What you should do ▸ Copy the lines running from the one that contains "Task: Navigate to" to the end of the entries below, exactly and with no pictures.

START Input material

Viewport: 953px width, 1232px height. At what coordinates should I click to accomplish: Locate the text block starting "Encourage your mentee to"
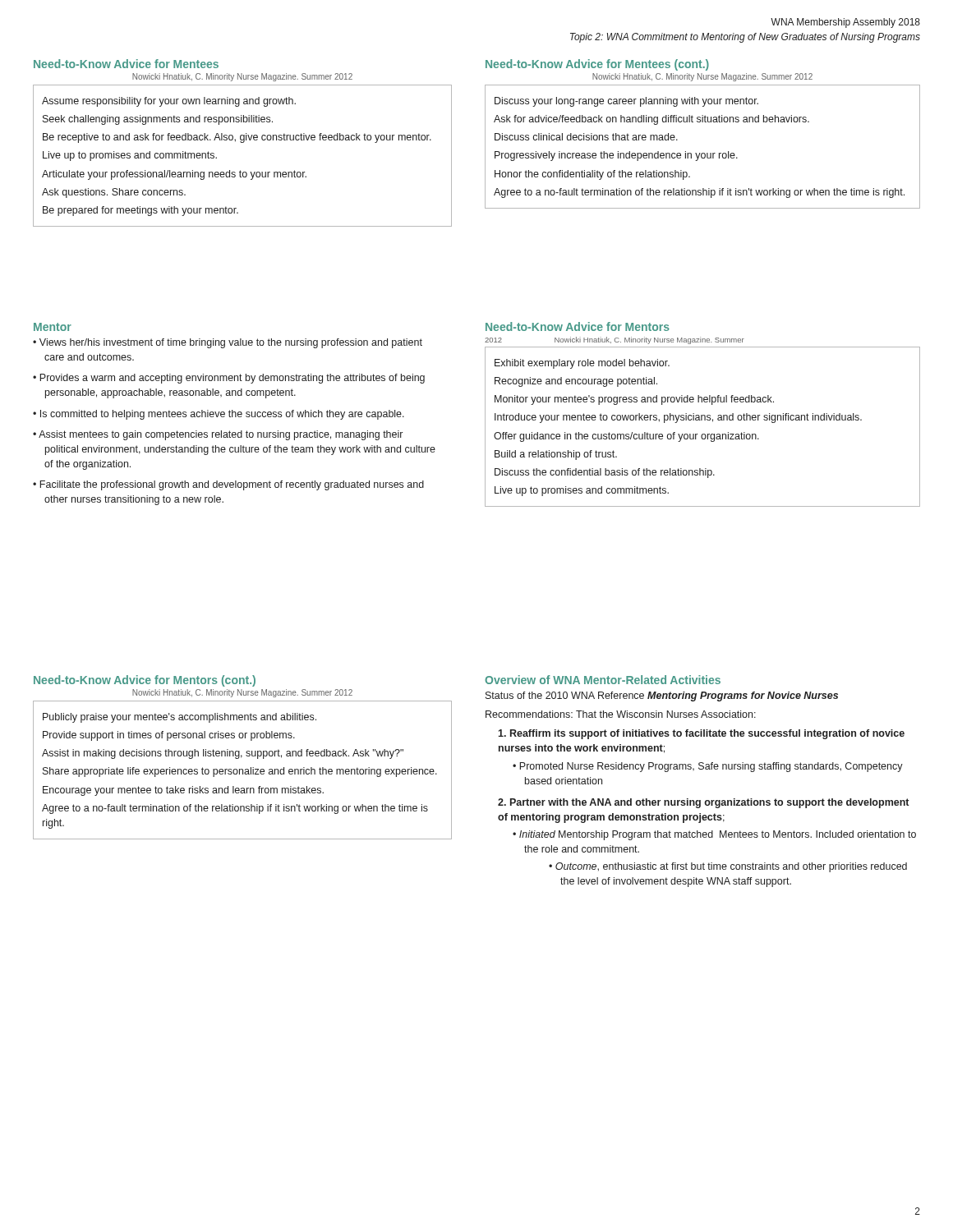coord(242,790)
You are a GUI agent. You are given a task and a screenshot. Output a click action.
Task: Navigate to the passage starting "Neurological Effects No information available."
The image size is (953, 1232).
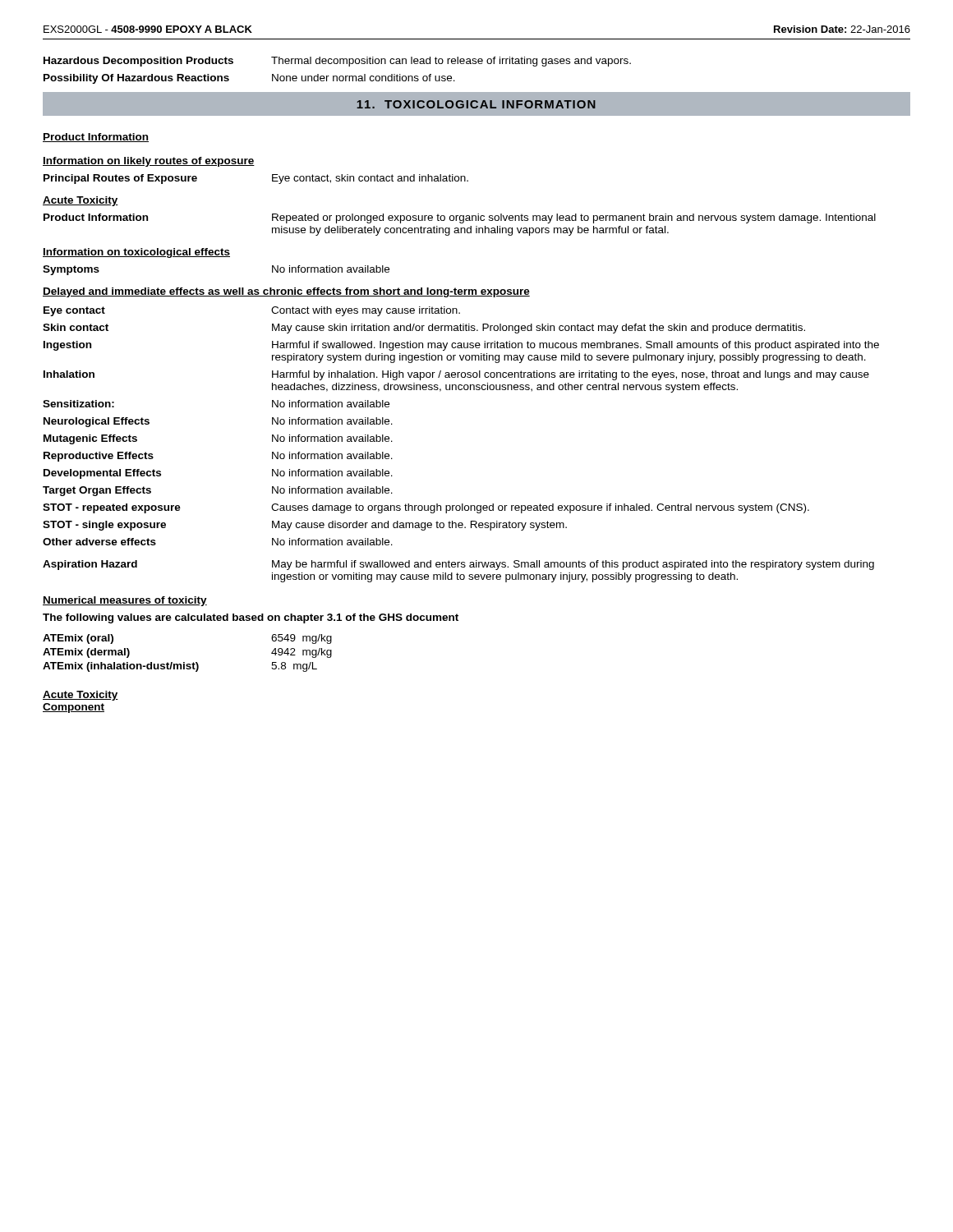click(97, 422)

END Input material

Answer for the task ▸
Task: Navigate to the passage starting "Neurological Effects No information available."
The image size is (953, 1232).
click(97, 422)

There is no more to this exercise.